I guess the problem is that AI now allows non-programmers to program. It would be a bit like giving everyone a scalpel and they now either consider themselves to be surgeons, or give it a go regardless since now they can.
I'm not sure where you are getting software engineers that are "bastardising" your ideas?! You may want to look elsewhere, or pay for someone better !
Well, IKEA's furniture quality is garbage yet they make billions. It's cheap and fast. That's capitalism for you. (not implying that communist countries produced amazing products...)
IKEA furniture is obviously a trade off between quality and cost, but it does what it is designed to do.
Capitalism isn't just a race to the bottom - there are markets for products at all sorts of price points.
Maybe typical Supermarket produce section = IKEA is a better comparison than vibe coding = IKEA, although whether a tomato that tastes of nothing is really doing it's job is debatable.
I would never have it be put into production without any type of review though, it's more for "I vibe coded this cool app, take a look, maybe this can be something bigger..."
However, I just searched up his tweet, and now I'm not so sure - he seemed to be advocating it as a new way of coding.
https://x.com/karpathy/status/1886192184808149383
Not that companies should literally try to "vibe code" production software
Two publishers and three authors fail to understand what “vibe coding” means - https://simonwillison.net/2025/May/1/not-vibe-coding/
( I think Karpathy addressed what he meant in this video, though I forget the details: Software Is Changing (Again) https://www.youtube.com/watch?v=LCEmiRjPEtQ )
The phrase got totally taken out of context, probably because it's what people WANTED to believe. They wanted to believe that the hard thing was now easy, and they could make/save a lot of money that way
As always people can create both good and bad code using the tools at their disposal but right now there’s a lot of upvotes to be had online by simply posting ‘lol vibe coding so dumb!’. It’s tiring at this point.
This point in history is not characterized by any real sort of seriousness about...anything, really.
Alternatively, it is the same sort of pleasant fiction that is being fed to CEOs about their workforce being able to be replaced Real Soon.

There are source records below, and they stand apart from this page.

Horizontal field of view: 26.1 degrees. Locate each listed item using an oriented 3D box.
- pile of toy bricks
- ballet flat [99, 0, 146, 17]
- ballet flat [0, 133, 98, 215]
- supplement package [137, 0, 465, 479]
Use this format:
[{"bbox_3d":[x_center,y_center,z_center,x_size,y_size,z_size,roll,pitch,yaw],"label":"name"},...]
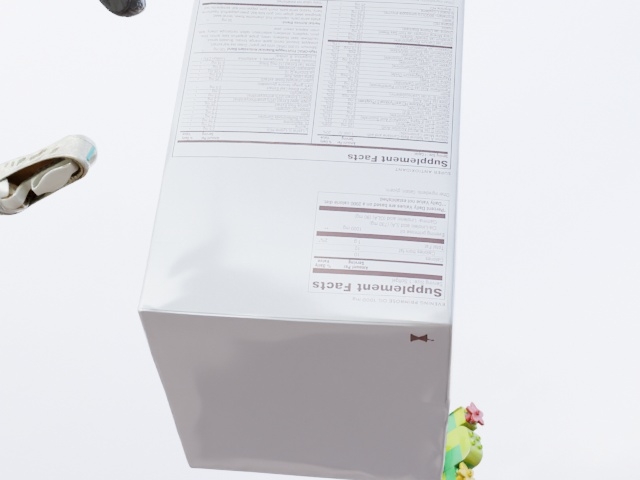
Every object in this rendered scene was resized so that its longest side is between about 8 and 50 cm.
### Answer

"The harsh reality" "he perfectly captured" "architectural decisions that make senior engineers weep" "fundamental issue"
It makes me wonder whether a whole class of writing is going to be deprecated because the cadence is just too similar to LLM outputs.
FSV = full slop version
LLMs are still too sycophantic. The ideal agent needs to say no increasingly as time moves on, explaining why new requirements would conflict with existing commitments, and grunt awkwardly and emit enough noxious fumes so that business people only come forward with their most pressing needs rather than wavering whims.
Other people who have more or a lot of experience with coding, help them and everybody profits in the end.
I understand that it becomes a problem with some businesses but others may profit too.
It's not all bad.
They don't seem to have a 'cohesive worldview'; additional context can easily sway them from one conclusion to the opposite conclusion. A large part of coding is about decision-making and prioritization; it's difficult to perform well at either of these tasks unless your worldview is internally consistent.
> How Senior Engineers Clean Up Code and Scale Products with AI
> Partnering with us means investing in quality, not just speed. We leverage AI to accelerate development and testing,
https://donado.co/en/articles/2025-08-02-prototype-to-mvp/
Company hires a bunch of young MBAs from prestigious universities who don't know how to code; pay them large salaries to produce a massive pile of junk which doesn't work. Pay some engineer with 10+ years of experience to be a 'code janitor' to clean up the mess to actually make it work.
Quite dystopian considering that the experienced engineer could probably build the whole thing in 1/10th of the time from scratch.
This would align with the trend of companies imposing an increasing number of arbitrary and counter-productive constraints on engineers whilst simultaneously expecting them to be more productive.